EXERCISE DESCRIPTION — Working from the records below, repeat exactly the lines starting at the line that contains "Your answer should be compact. 0.67." and ending at the line that contains "Offer a very short reply. 3.27.", inclusive.

--- EXTRACTED DATA ---

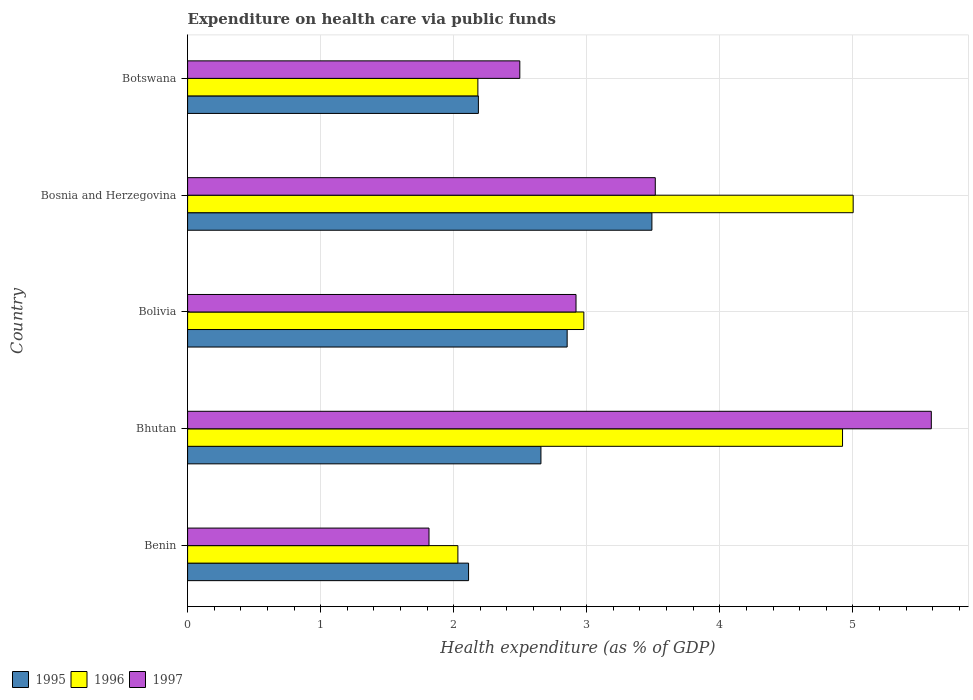Are the number of bars per tick equal to the number of legend labels?
Your answer should be compact. Yes. How many bars are there on the 2nd tick from the top?
Provide a succinct answer. 3. In how many cases, is the number of bars for a given country not equal to the number of legend labels?
Keep it short and to the point. 0. What is the expenditure made on health care in 1997 in Bolivia?
Provide a short and direct response. 2.92. Across all countries, what is the maximum expenditure made on health care in 1995?
Make the answer very short. 3.49. Across all countries, what is the minimum expenditure made on health care in 1996?
Your answer should be very brief. 2.03. In which country was the expenditure made on health care in 1996 maximum?
Provide a short and direct response. Bosnia and Herzegovina. In which country was the expenditure made on health care in 1996 minimum?
Offer a very short reply. Benin. What is the total expenditure made on health care in 1995 in the graph?
Offer a terse response. 13.3. What is the difference between the expenditure made on health care in 1995 in Bhutan and that in Botswana?
Ensure brevity in your answer.  0.47. What is the difference between the expenditure made on health care in 1995 in Bolivia and the expenditure made on health care in 1996 in Benin?
Offer a very short reply. 0.82. What is the average expenditure made on health care in 1995 per country?
Offer a very short reply. 2.66. What is the difference between the expenditure made on health care in 1995 and expenditure made on health care in 1996 in Benin?
Your response must be concise. 0.08. In how many countries, is the expenditure made on health care in 1995 greater than 0.8 %?
Your answer should be compact. 5. What is the ratio of the expenditure made on health care in 1997 in Benin to that in Bolivia?
Provide a succinct answer. 0.62. Is the expenditure made on health care in 1997 in Bolivia less than that in Bosnia and Herzegovina?
Provide a short and direct response. Yes. What is the difference between the highest and the second highest expenditure made on health care in 1997?
Offer a very short reply. 2.07. What is the difference between the highest and the lowest expenditure made on health care in 1996?
Provide a succinct answer. 2.97. What does the 3rd bar from the bottom in Bhutan represents?
Keep it short and to the point. 1997. Does the graph contain any zero values?
Make the answer very short. No. Where does the legend appear in the graph?
Your answer should be compact. Bottom left. How many legend labels are there?
Offer a very short reply. 3. How are the legend labels stacked?
Offer a very short reply. Horizontal. What is the title of the graph?
Provide a succinct answer. Expenditure on health care via public funds. What is the label or title of the X-axis?
Provide a succinct answer. Health expenditure (as % of GDP). What is the label or title of the Y-axis?
Your answer should be compact. Country. What is the Health expenditure (as % of GDP) of 1995 in Benin?
Give a very brief answer. 2.11. What is the Health expenditure (as % of GDP) in 1996 in Benin?
Provide a short and direct response. 2.03. What is the Health expenditure (as % of GDP) in 1997 in Benin?
Your answer should be very brief. 1.81. What is the Health expenditure (as % of GDP) of 1995 in Bhutan?
Your answer should be very brief. 2.66. What is the Health expenditure (as % of GDP) in 1996 in Bhutan?
Provide a short and direct response. 4.92. What is the Health expenditure (as % of GDP) of 1997 in Bhutan?
Provide a succinct answer. 5.59. What is the Health expenditure (as % of GDP) in 1995 in Bolivia?
Offer a terse response. 2.85. What is the Health expenditure (as % of GDP) in 1996 in Bolivia?
Your response must be concise. 2.98. What is the Health expenditure (as % of GDP) in 1997 in Bolivia?
Provide a short and direct response. 2.92. What is the Health expenditure (as % of GDP) in 1995 in Bosnia and Herzegovina?
Keep it short and to the point. 3.49. What is the Health expenditure (as % of GDP) of 1996 in Bosnia and Herzegovina?
Your answer should be very brief. 5. What is the Health expenditure (as % of GDP) in 1997 in Bosnia and Herzegovina?
Make the answer very short. 3.52. What is the Health expenditure (as % of GDP) in 1995 in Botswana?
Keep it short and to the point. 2.19. What is the Health expenditure (as % of GDP) of 1996 in Botswana?
Give a very brief answer. 2.18. What is the Health expenditure (as % of GDP) in 1997 in Botswana?
Ensure brevity in your answer.  2.5. Across all countries, what is the maximum Health expenditure (as % of GDP) of 1995?
Keep it short and to the point. 3.49. Across all countries, what is the maximum Health expenditure (as % of GDP) in 1996?
Keep it short and to the point. 5. Across all countries, what is the maximum Health expenditure (as % of GDP) of 1997?
Ensure brevity in your answer.  5.59. Across all countries, what is the minimum Health expenditure (as % of GDP) of 1995?
Provide a succinct answer. 2.11. Across all countries, what is the minimum Health expenditure (as % of GDP) of 1996?
Provide a succinct answer. 2.03. Across all countries, what is the minimum Health expenditure (as % of GDP) of 1997?
Your answer should be compact. 1.81. What is the total Health expenditure (as % of GDP) in 1995 in the graph?
Keep it short and to the point. 13.3. What is the total Health expenditure (as % of GDP) of 1996 in the graph?
Your answer should be very brief. 17.12. What is the total Health expenditure (as % of GDP) in 1997 in the graph?
Give a very brief answer. 16.34. What is the difference between the Health expenditure (as % of GDP) in 1995 in Benin and that in Bhutan?
Your answer should be compact. -0.54. What is the difference between the Health expenditure (as % of GDP) in 1996 in Benin and that in Bhutan?
Ensure brevity in your answer.  -2.89. What is the difference between the Health expenditure (as % of GDP) of 1997 in Benin and that in Bhutan?
Provide a short and direct response. -3.78. What is the difference between the Health expenditure (as % of GDP) of 1995 in Benin and that in Bolivia?
Your answer should be compact. -0.74. What is the difference between the Health expenditure (as % of GDP) of 1996 in Benin and that in Bolivia?
Your response must be concise. -0.95. What is the difference between the Health expenditure (as % of GDP) in 1997 in Benin and that in Bolivia?
Ensure brevity in your answer.  -1.1. What is the difference between the Health expenditure (as % of GDP) of 1995 in Benin and that in Bosnia and Herzegovina?
Keep it short and to the point. -1.38. What is the difference between the Health expenditure (as % of GDP) of 1996 in Benin and that in Bosnia and Herzegovina?
Your answer should be compact. -2.97. What is the difference between the Health expenditure (as % of GDP) in 1997 in Benin and that in Bosnia and Herzegovina?
Keep it short and to the point. -1.7. What is the difference between the Health expenditure (as % of GDP) in 1995 in Benin and that in Botswana?
Ensure brevity in your answer.  -0.07. What is the difference between the Health expenditure (as % of GDP) in 1996 in Benin and that in Botswana?
Provide a short and direct response. -0.15. What is the difference between the Health expenditure (as % of GDP) of 1997 in Benin and that in Botswana?
Give a very brief answer. -0.68. What is the difference between the Health expenditure (as % of GDP) of 1995 in Bhutan and that in Bolivia?
Give a very brief answer. -0.2. What is the difference between the Health expenditure (as % of GDP) of 1996 in Bhutan and that in Bolivia?
Provide a short and direct response. 1.94. What is the difference between the Health expenditure (as % of GDP) of 1997 in Bhutan and that in Bolivia?
Keep it short and to the point. 2.67. What is the difference between the Health expenditure (as % of GDP) in 1995 in Bhutan and that in Bosnia and Herzegovina?
Offer a terse response. -0.83. What is the difference between the Health expenditure (as % of GDP) in 1996 in Bhutan and that in Bosnia and Herzegovina?
Your response must be concise. -0.08. What is the difference between the Health expenditure (as % of GDP) of 1997 in Bhutan and that in Bosnia and Herzegovina?
Keep it short and to the point. 2.07. What is the difference between the Health expenditure (as % of GDP) of 1995 in Bhutan and that in Botswana?
Offer a terse response. 0.47. What is the difference between the Health expenditure (as % of GDP) in 1996 in Bhutan and that in Botswana?
Offer a very short reply. 2.74. What is the difference between the Health expenditure (as % of GDP) in 1997 in Bhutan and that in Botswana?
Make the answer very short. 3.09. What is the difference between the Health expenditure (as % of GDP) in 1995 in Bolivia and that in Bosnia and Herzegovina?
Your response must be concise. -0.64. What is the difference between the Health expenditure (as % of GDP) of 1996 in Bolivia and that in Bosnia and Herzegovina?
Your answer should be compact. -2.02. What is the difference between the Health expenditure (as % of GDP) of 1997 in Bolivia and that in Bosnia and Herzegovina?
Your answer should be very brief. -0.6. What is the difference between the Health expenditure (as % of GDP) in 1995 in Bolivia and that in Botswana?
Your answer should be very brief. 0.67. What is the difference between the Health expenditure (as % of GDP) in 1996 in Bolivia and that in Botswana?
Your response must be concise. 0.8. What is the difference between the Health expenditure (as % of GDP) in 1997 in Bolivia and that in Botswana?
Your response must be concise. 0.42. What is the difference between the Health expenditure (as % of GDP) of 1995 in Bosnia and Herzegovina and that in Botswana?
Your answer should be very brief. 1.3. What is the difference between the Health expenditure (as % of GDP) of 1996 in Bosnia and Herzegovina and that in Botswana?
Your response must be concise. 2.82. What is the difference between the Health expenditure (as % of GDP) of 1997 in Bosnia and Herzegovina and that in Botswana?
Your answer should be very brief. 1.02. What is the difference between the Health expenditure (as % of GDP) in 1995 in Benin and the Health expenditure (as % of GDP) in 1996 in Bhutan?
Provide a short and direct response. -2.81. What is the difference between the Health expenditure (as % of GDP) in 1995 in Benin and the Health expenditure (as % of GDP) in 1997 in Bhutan?
Provide a short and direct response. -3.48. What is the difference between the Health expenditure (as % of GDP) of 1996 in Benin and the Health expenditure (as % of GDP) of 1997 in Bhutan?
Give a very brief answer. -3.56. What is the difference between the Health expenditure (as % of GDP) of 1995 in Benin and the Health expenditure (as % of GDP) of 1996 in Bolivia?
Give a very brief answer. -0.87. What is the difference between the Health expenditure (as % of GDP) of 1995 in Benin and the Health expenditure (as % of GDP) of 1997 in Bolivia?
Offer a very short reply. -0.81. What is the difference between the Health expenditure (as % of GDP) of 1996 in Benin and the Health expenditure (as % of GDP) of 1997 in Bolivia?
Ensure brevity in your answer.  -0.89. What is the difference between the Health expenditure (as % of GDP) of 1995 in Benin and the Health expenditure (as % of GDP) of 1996 in Bosnia and Herzegovina?
Provide a succinct answer. -2.89. What is the difference between the Health expenditure (as % of GDP) of 1995 in Benin and the Health expenditure (as % of GDP) of 1997 in Bosnia and Herzegovina?
Ensure brevity in your answer.  -1.4. What is the difference between the Health expenditure (as % of GDP) in 1996 in Benin and the Health expenditure (as % of GDP) in 1997 in Bosnia and Herzegovina?
Your answer should be compact. -1.48. What is the difference between the Health expenditure (as % of GDP) of 1995 in Benin and the Health expenditure (as % of GDP) of 1996 in Botswana?
Offer a very short reply. -0.07. What is the difference between the Health expenditure (as % of GDP) of 1995 in Benin and the Health expenditure (as % of GDP) of 1997 in Botswana?
Ensure brevity in your answer.  -0.39. What is the difference between the Health expenditure (as % of GDP) of 1996 in Benin and the Health expenditure (as % of GDP) of 1997 in Botswana?
Your answer should be compact. -0.47. What is the difference between the Health expenditure (as % of GDP) in 1995 in Bhutan and the Health expenditure (as % of GDP) in 1996 in Bolivia?
Make the answer very short. -0.32. What is the difference between the Health expenditure (as % of GDP) of 1995 in Bhutan and the Health expenditure (as % of GDP) of 1997 in Bolivia?
Your response must be concise. -0.26. What is the difference between the Health expenditure (as % of GDP) in 1996 in Bhutan and the Health expenditure (as % of GDP) in 1997 in Bolivia?
Ensure brevity in your answer.  2. What is the difference between the Health expenditure (as % of GDP) of 1995 in Bhutan and the Health expenditure (as % of GDP) of 1996 in Bosnia and Herzegovina?
Your answer should be compact. -2.35. What is the difference between the Health expenditure (as % of GDP) in 1995 in Bhutan and the Health expenditure (as % of GDP) in 1997 in Bosnia and Herzegovina?
Provide a succinct answer. -0.86. What is the difference between the Health expenditure (as % of GDP) in 1996 in Bhutan and the Health expenditure (as % of GDP) in 1997 in Bosnia and Herzegovina?
Offer a very short reply. 1.41. What is the difference between the Health expenditure (as % of GDP) of 1995 in Bhutan and the Health expenditure (as % of GDP) of 1996 in Botswana?
Your answer should be compact. 0.47. What is the difference between the Health expenditure (as % of GDP) in 1995 in Bhutan and the Health expenditure (as % of GDP) in 1997 in Botswana?
Provide a succinct answer. 0.16. What is the difference between the Health expenditure (as % of GDP) in 1996 in Bhutan and the Health expenditure (as % of GDP) in 1997 in Botswana?
Your answer should be compact. 2.43. What is the difference between the Health expenditure (as % of GDP) of 1995 in Bolivia and the Health expenditure (as % of GDP) of 1996 in Bosnia and Herzegovina?
Offer a very short reply. -2.15. What is the difference between the Health expenditure (as % of GDP) in 1995 in Bolivia and the Health expenditure (as % of GDP) in 1997 in Bosnia and Herzegovina?
Your answer should be very brief. -0.66. What is the difference between the Health expenditure (as % of GDP) in 1996 in Bolivia and the Health expenditure (as % of GDP) in 1997 in Bosnia and Herzegovina?
Your response must be concise. -0.54. What is the difference between the Health expenditure (as % of GDP) of 1995 in Bolivia and the Health expenditure (as % of GDP) of 1996 in Botswana?
Your answer should be compact. 0.67. What is the difference between the Health expenditure (as % of GDP) in 1995 in Bolivia and the Health expenditure (as % of GDP) in 1997 in Botswana?
Offer a terse response. 0.36. What is the difference between the Health expenditure (as % of GDP) in 1996 in Bolivia and the Health expenditure (as % of GDP) in 1997 in Botswana?
Provide a succinct answer. 0.48. What is the difference between the Health expenditure (as % of GDP) of 1995 in Bosnia and Herzegovina and the Health expenditure (as % of GDP) of 1996 in Botswana?
Provide a short and direct response. 1.31. What is the difference between the Health expenditure (as % of GDP) in 1996 in Bosnia and Herzegovina and the Health expenditure (as % of GDP) in 1997 in Botswana?
Ensure brevity in your answer.  2.51. What is the average Health expenditure (as % of GDP) of 1995 per country?
Your response must be concise. 2.66. What is the average Health expenditure (as % of GDP) in 1996 per country?
Provide a succinct answer. 3.42. What is the average Health expenditure (as % of GDP) in 1997 per country?
Offer a very short reply. 3.27. What is the difference between the Health expenditure (as % of GDP) of 1995 and Health expenditure (as % of GDP) of 1996 in Benin?
Offer a very short reply. 0.08. What is the difference between the Health expenditure (as % of GDP) in 1995 and Health expenditure (as % of GDP) in 1997 in Benin?
Your answer should be very brief. 0.3. What is the difference between the Health expenditure (as % of GDP) in 1996 and Health expenditure (as % of GDP) in 1997 in Benin?
Ensure brevity in your answer.  0.22. What is the difference between the Health expenditure (as % of GDP) in 1995 and Health expenditure (as % of GDP) in 1996 in Bhutan?
Ensure brevity in your answer.  -2.27. What is the difference between the Health expenditure (as % of GDP) in 1995 and Health expenditure (as % of GDP) in 1997 in Bhutan?
Ensure brevity in your answer.  -2.93. What is the difference between the Health expenditure (as % of GDP) in 1996 and Health expenditure (as % of GDP) in 1997 in Bhutan?
Provide a short and direct response. -0.67. What is the difference between the Health expenditure (as % of GDP) in 1995 and Health expenditure (as % of GDP) in 1996 in Bolivia?
Your answer should be compact. -0.13. What is the difference between the Health expenditure (as % of GDP) in 1995 and Health expenditure (as % of GDP) in 1997 in Bolivia?
Provide a succinct answer. -0.07. What is the difference between the Health expenditure (as % of GDP) in 1996 and Health expenditure (as % of GDP) in 1997 in Bolivia?
Make the answer very short. 0.06. What is the difference between the Health expenditure (as % of GDP) in 1995 and Health expenditure (as % of GDP) in 1996 in Bosnia and Herzegovina?
Provide a short and direct response. -1.51. What is the difference between the Health expenditure (as % of GDP) in 1995 and Health expenditure (as % of GDP) in 1997 in Bosnia and Herzegovina?
Provide a short and direct response. -0.03. What is the difference between the Health expenditure (as % of GDP) of 1996 and Health expenditure (as % of GDP) of 1997 in Bosnia and Herzegovina?
Give a very brief answer. 1.49. What is the difference between the Health expenditure (as % of GDP) in 1995 and Health expenditure (as % of GDP) in 1996 in Botswana?
Give a very brief answer. 0. What is the difference between the Health expenditure (as % of GDP) in 1995 and Health expenditure (as % of GDP) in 1997 in Botswana?
Make the answer very short. -0.31. What is the difference between the Health expenditure (as % of GDP) in 1996 and Health expenditure (as % of GDP) in 1997 in Botswana?
Your answer should be compact. -0.32. What is the ratio of the Health expenditure (as % of GDP) of 1995 in Benin to that in Bhutan?
Your answer should be compact. 0.8. What is the ratio of the Health expenditure (as % of GDP) in 1996 in Benin to that in Bhutan?
Make the answer very short. 0.41. What is the ratio of the Health expenditure (as % of GDP) in 1997 in Benin to that in Bhutan?
Ensure brevity in your answer.  0.32. What is the ratio of the Health expenditure (as % of GDP) in 1995 in Benin to that in Bolivia?
Keep it short and to the point. 0.74. What is the ratio of the Health expenditure (as % of GDP) in 1996 in Benin to that in Bolivia?
Your answer should be compact. 0.68. What is the ratio of the Health expenditure (as % of GDP) of 1997 in Benin to that in Bolivia?
Ensure brevity in your answer.  0.62. What is the ratio of the Health expenditure (as % of GDP) of 1995 in Benin to that in Bosnia and Herzegovina?
Provide a succinct answer. 0.61. What is the ratio of the Health expenditure (as % of GDP) in 1996 in Benin to that in Bosnia and Herzegovina?
Offer a terse response. 0.41. What is the ratio of the Health expenditure (as % of GDP) in 1997 in Benin to that in Bosnia and Herzegovina?
Provide a short and direct response. 0.52. What is the ratio of the Health expenditure (as % of GDP) in 1995 in Benin to that in Botswana?
Your answer should be very brief. 0.97. What is the ratio of the Health expenditure (as % of GDP) of 1996 in Benin to that in Botswana?
Offer a very short reply. 0.93. What is the ratio of the Health expenditure (as % of GDP) in 1997 in Benin to that in Botswana?
Ensure brevity in your answer.  0.73. What is the ratio of the Health expenditure (as % of GDP) of 1995 in Bhutan to that in Bolivia?
Give a very brief answer. 0.93. What is the ratio of the Health expenditure (as % of GDP) in 1996 in Bhutan to that in Bolivia?
Ensure brevity in your answer.  1.65. What is the ratio of the Health expenditure (as % of GDP) of 1997 in Bhutan to that in Bolivia?
Provide a succinct answer. 1.91. What is the ratio of the Health expenditure (as % of GDP) in 1995 in Bhutan to that in Bosnia and Herzegovina?
Provide a succinct answer. 0.76. What is the ratio of the Health expenditure (as % of GDP) of 1996 in Bhutan to that in Bosnia and Herzegovina?
Provide a short and direct response. 0.98. What is the ratio of the Health expenditure (as % of GDP) in 1997 in Bhutan to that in Bosnia and Herzegovina?
Your answer should be very brief. 1.59. What is the ratio of the Health expenditure (as % of GDP) in 1995 in Bhutan to that in Botswana?
Provide a short and direct response. 1.22. What is the ratio of the Health expenditure (as % of GDP) of 1996 in Bhutan to that in Botswana?
Provide a succinct answer. 2.26. What is the ratio of the Health expenditure (as % of GDP) of 1997 in Bhutan to that in Botswana?
Provide a short and direct response. 2.24. What is the ratio of the Health expenditure (as % of GDP) of 1995 in Bolivia to that in Bosnia and Herzegovina?
Ensure brevity in your answer.  0.82. What is the ratio of the Health expenditure (as % of GDP) in 1996 in Bolivia to that in Bosnia and Herzegovina?
Offer a terse response. 0.6. What is the ratio of the Health expenditure (as % of GDP) in 1997 in Bolivia to that in Bosnia and Herzegovina?
Keep it short and to the point. 0.83. What is the ratio of the Health expenditure (as % of GDP) in 1995 in Bolivia to that in Botswana?
Provide a succinct answer. 1.31. What is the ratio of the Health expenditure (as % of GDP) in 1996 in Bolivia to that in Botswana?
Offer a very short reply. 1.37. What is the ratio of the Health expenditure (as % of GDP) in 1997 in Bolivia to that in Botswana?
Offer a very short reply. 1.17. What is the ratio of the Health expenditure (as % of GDP) of 1995 in Bosnia and Herzegovina to that in Botswana?
Your response must be concise. 1.6. What is the ratio of the Health expenditure (as % of GDP) of 1996 in Bosnia and Herzegovina to that in Botswana?
Offer a very short reply. 2.29. What is the ratio of the Health expenditure (as % of GDP) of 1997 in Bosnia and Herzegovina to that in Botswana?
Your answer should be very brief. 1.41. What is the difference between the highest and the second highest Health expenditure (as % of GDP) of 1995?
Ensure brevity in your answer.  0.64. What is the difference between the highest and the second highest Health expenditure (as % of GDP) of 1997?
Offer a very short reply. 2.07. What is the difference between the highest and the lowest Health expenditure (as % of GDP) of 1995?
Keep it short and to the point. 1.38. What is the difference between the highest and the lowest Health expenditure (as % of GDP) of 1996?
Your response must be concise. 2.97. What is the difference between the highest and the lowest Health expenditure (as % of GDP) in 1997?
Make the answer very short. 3.78.

---

TASK RESPONSE —
Your answer should be compact. 0.67. What is the difference between the Health expenditure (as % of GDP) in 1995 in Bolivia and the Health expenditure (as % of GDP) in 1997 in Botswana?
Offer a terse response. 0.36. What is the difference between the Health expenditure (as % of GDP) in 1996 in Bolivia and the Health expenditure (as % of GDP) in 1997 in Botswana?
Provide a succinct answer. 0.48. What is the difference between the Health expenditure (as % of GDP) of 1995 in Bosnia and Herzegovina and the Health expenditure (as % of GDP) of 1996 in Botswana?
Provide a short and direct response. 1.31. What is the difference between the Health expenditure (as % of GDP) in 1996 in Bosnia and Herzegovina and the Health expenditure (as % of GDP) in 1997 in Botswana?
Ensure brevity in your answer.  2.51. What is the average Health expenditure (as % of GDP) of 1995 per country?
Your response must be concise. 2.66. What is the average Health expenditure (as % of GDP) in 1996 per country?
Provide a succinct answer. 3.42. What is the average Health expenditure (as % of GDP) in 1997 per country?
Offer a very short reply. 3.27. What is the difference between the Health expenditure (as % of GDP) of 1995 and Health expenditure (as % of GDP) of 1996 in Benin?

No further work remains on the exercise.